And numbers of babies born to women aged 50 and over are now at unprecedented highs.
In the country with one of the oldest average ages for first-time mothers in Europe, where approximately one in five women have their first child in their 40s and three-quarters of females aged 35 do not have kids – even if they want to – babies conceived and live births in mums near the end of their fertile years, or even after these are over, are becoming the 'new normal' in Spain.
Stigma surrounding older new parents is almost non-existent, and with job stability and home ownership gradually coming later and later in the lives of men and women alike, the birth rate is one of the lowest in Europe and parenthood tends to be a decision made at the last minute before running out of time.
Babies born to women 50 or over total 64 in three months
Over the first three months of 2021, a total of 682 babies were born to mothers aged 45 to 49 inclusive – still a leap on the same months of 2016, when the total was 577 – and, during exactly the same quarter of 2022, mums of this age group had 910 babies.
Back in 2016, infants born to women aged 50 and over totalled just 27, and the highest on record since then has been 52, but from January to March 2022 inclusive, a total of 64 women aged 50 or over had a baby.

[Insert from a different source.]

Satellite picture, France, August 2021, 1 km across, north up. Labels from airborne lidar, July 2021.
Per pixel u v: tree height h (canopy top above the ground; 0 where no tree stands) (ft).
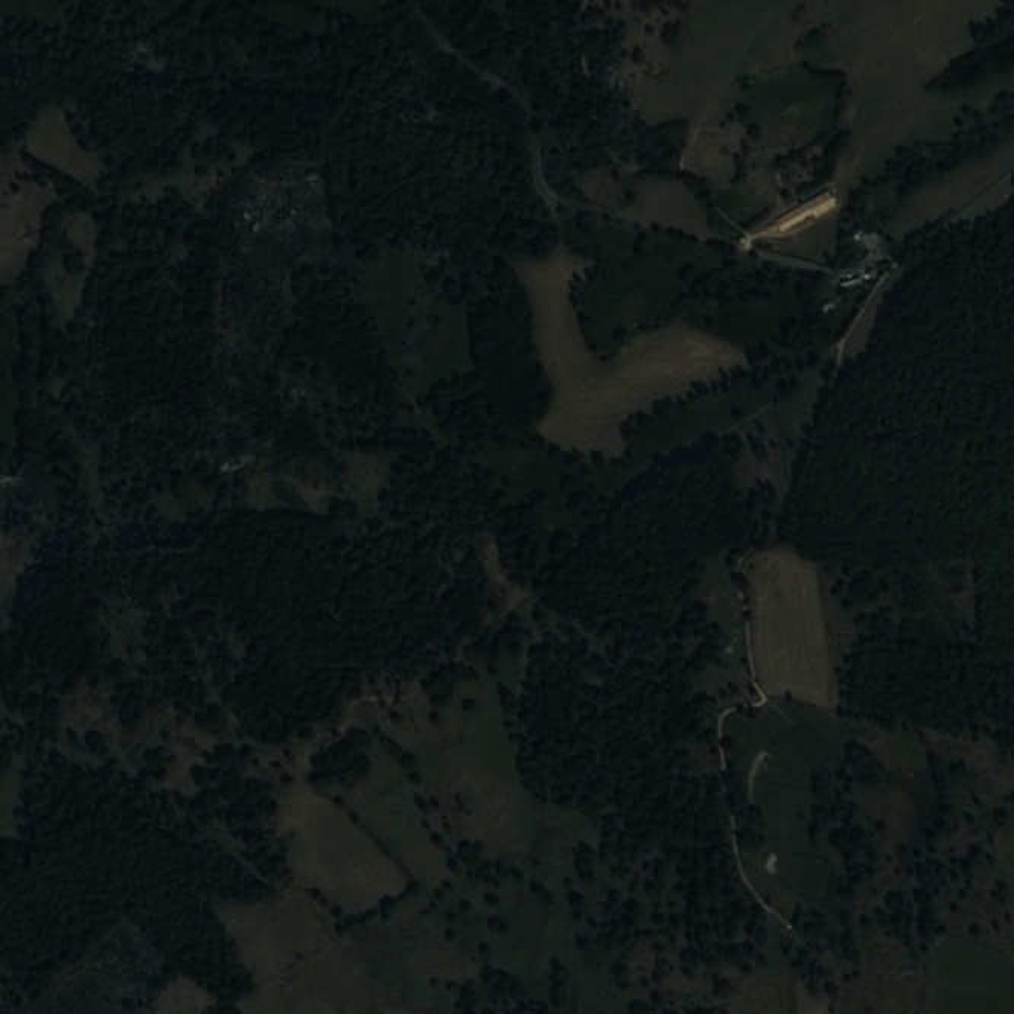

In total, therefore, women aged over 44, with no upper age limit, brought 974 new humans into Spanish society in the first quarter of this year.
The figures, for both age groups separately and together, are the highest ever seen, according to INE data, and the increase is substantial: A jump of 42.8% on the same three months of 2021.
Births were up across all ages in the first quarter of 2022, in fact, says the INE.
From January 1 to March 31, a total of 79,885 babies were born, being an increase of 2,676 on the same period last year.
It would seem likely that would-be parents decided to shelve any imminent plans to have children when the pandemic struck, due to public health fears and worries about job insecurity or a fall in income, then began to feel 'safe' to conceive from about spring last year onwards.
'Baby fever' seemed to have calmed by around the beginning of summer last year, though, since the number of births in March 2022 was actually down slightly on the same month of 2021, by 7.4% - to a total of 26,843 mid-late Pisceans and early Taureans – or a drop of 2,132.
Figures were also down in March from 2020 – babies conceived in the final pre-pandemic summer went onto become 29,263 births, meaning in the same month of 2022, they had reduced in number by 8.3%, or 2,420.
IVF in single women up 20%
Valencia Fertility Institute (IVI) said single women seeking to become mothers have soared by 20% in the past two years, showing that the idea of waiting until one has settled down with a partner or frantically seeking a 'baby dad' before it is too late is now going out of fashion.
The birth figures for the 45-plus and 50-plus age groups do not give qualitative data, nor maximum ages, so it is not known what percentage used their own eggs – directly or 'thawed' after freezing – compared with donor eggs or donor embryos; how many were girls or boys, or how many women conceived through a heterosexual relationship or 'home insemination' rather than via assisted reproduction.
Nor is it clear how many live births versus conceptions occurred in the same time, since in older mothers, the risk of a miscarriage is much higher than for women in their 20s.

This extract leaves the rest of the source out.